MINNEAPOLIS — A commercial general liability insurer tells a Minnesota federal court in a Jan. 13 complaint that there is no coverage for damages incurred from an insured’s alleged delay and the abandonment of a unitized metal panel (UMP) system in favor of a different system (Liberty Insurance Corp. v. Kraus-Anderson Construction Co., et al., No. 20-00171, D. Minn.).
BIRMINGHAM, Ala. — An insurer alleges in a Jan. 10 complaint filed in an Alabama federal court that coverage does not exist for an additional insured for claims arising out of allegedly defective heating, ventilation and air conditioning (HVAC) installation work in a student housing complex because there is no “occurrence” and the work is otherwise excluded (Pennsylvania National Mutual Casualty Insurance Co. v. 3D Air Services, LLC, et al., No. 20-43, N.D. Ala.).
SEATTLE — While an insurance policy’s one-year suit limitation clause precludes a condominium association from suing its insurer for breach of contract, a Washington appeals panel held Jan. 13 that the clause does not bar the association’s extracontractual claims under the Washington Insurance Fair Conduct Act (IFCA) and the Washington Consumer Protection Act (CPA) (West Beach Condominium v. Commonwealth Insurance Company of America, No. 79676-3-I, Wash. App., Div. 1, 2020 Wash. App. LEXIS 58).
WEST PALM BEACH, Fla. — A subcontractor alleges in separate complaints filed Dec. 23 in a Florida federal court that two insurers breached their contracts by failing to defend and indemnify it as an additional insured against underlying allegations of defective work in an apartment building project (Orange & Blue Construction, Inc. v. HDI Global Specialty SE, No. 19-81707; Orange & Blue Construction, Inc. v. Underwriters at Lloyd’s, London, No. 19-81708, S.D. Fla.).

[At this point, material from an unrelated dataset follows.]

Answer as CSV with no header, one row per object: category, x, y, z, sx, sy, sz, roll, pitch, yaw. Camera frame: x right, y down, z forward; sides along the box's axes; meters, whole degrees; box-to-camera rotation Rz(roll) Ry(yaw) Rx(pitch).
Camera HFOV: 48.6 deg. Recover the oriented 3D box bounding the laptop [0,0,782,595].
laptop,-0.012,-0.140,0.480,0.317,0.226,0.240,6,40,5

CHICAGO — An Illinois appeals panel on Jan. 10 affirmed a lower court’s summary judgment ruling in favor of a business owners insurer based on the known loss doctrine because the insured knew that a construction project prompted by building code violations would cause a loss of business income before the inception of its insurance policy and the insured failed to disclose the construction project to the insurer (Dining Heritage, Inc. v. Leading Insurance Group Insurance Company, Ltd., et al., Ill. App., 1st Dist., 5th Div., 2020 Ill. App. Unpub. LEXIS 22).
DALLAS — In the third appeal in an insurance coverage dispute, a Texas appeals panel on Jan. 9 affirmed a ruling allocating a $2.4 million construction defects arbitration award between two commercial general liability insurers and denying the insureds’ request for attorney fees incurred in the first appeal (Great American Lloyds Insurance Co., et al. v. Vines-Herrin Custom LLC, et al., No. 05-18-00337-CV, Texas App., 5th Dist., 2020 Tex. App. LEXIS 230).

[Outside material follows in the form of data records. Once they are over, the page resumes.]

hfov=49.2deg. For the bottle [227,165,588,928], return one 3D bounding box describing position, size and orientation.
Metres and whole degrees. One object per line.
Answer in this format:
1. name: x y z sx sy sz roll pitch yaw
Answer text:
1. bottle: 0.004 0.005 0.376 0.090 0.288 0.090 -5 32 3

DENVER — The 10th Circuit U.S. Court of Appeals on Jan. 9 held that the “flawed design” of a home’s exterior insulation finishing system (EIFS) constitutes “faulty design” and, therefore, there is no coverage for water damage discovered within the EIFS (Mark Mock, et al. v. Allstate Insurance Company, No. 18-1407, 10th Cir.).
MINNEAPOLIS — A waterpark owner petitioned the Minnesota Supreme Court on Jan. 7 to review a ruling affirming that a roof collapse allegedly caused by defective construction occurred outside the policy period of a commercial general liability insurance policy because there was evidence that the collapse was caused by progressive structural damage over a long period of time (Thumper Pond Resort, LLC v. Badger Midwest Holdings, LLC, et al., No. n/a, Minn. Sup.).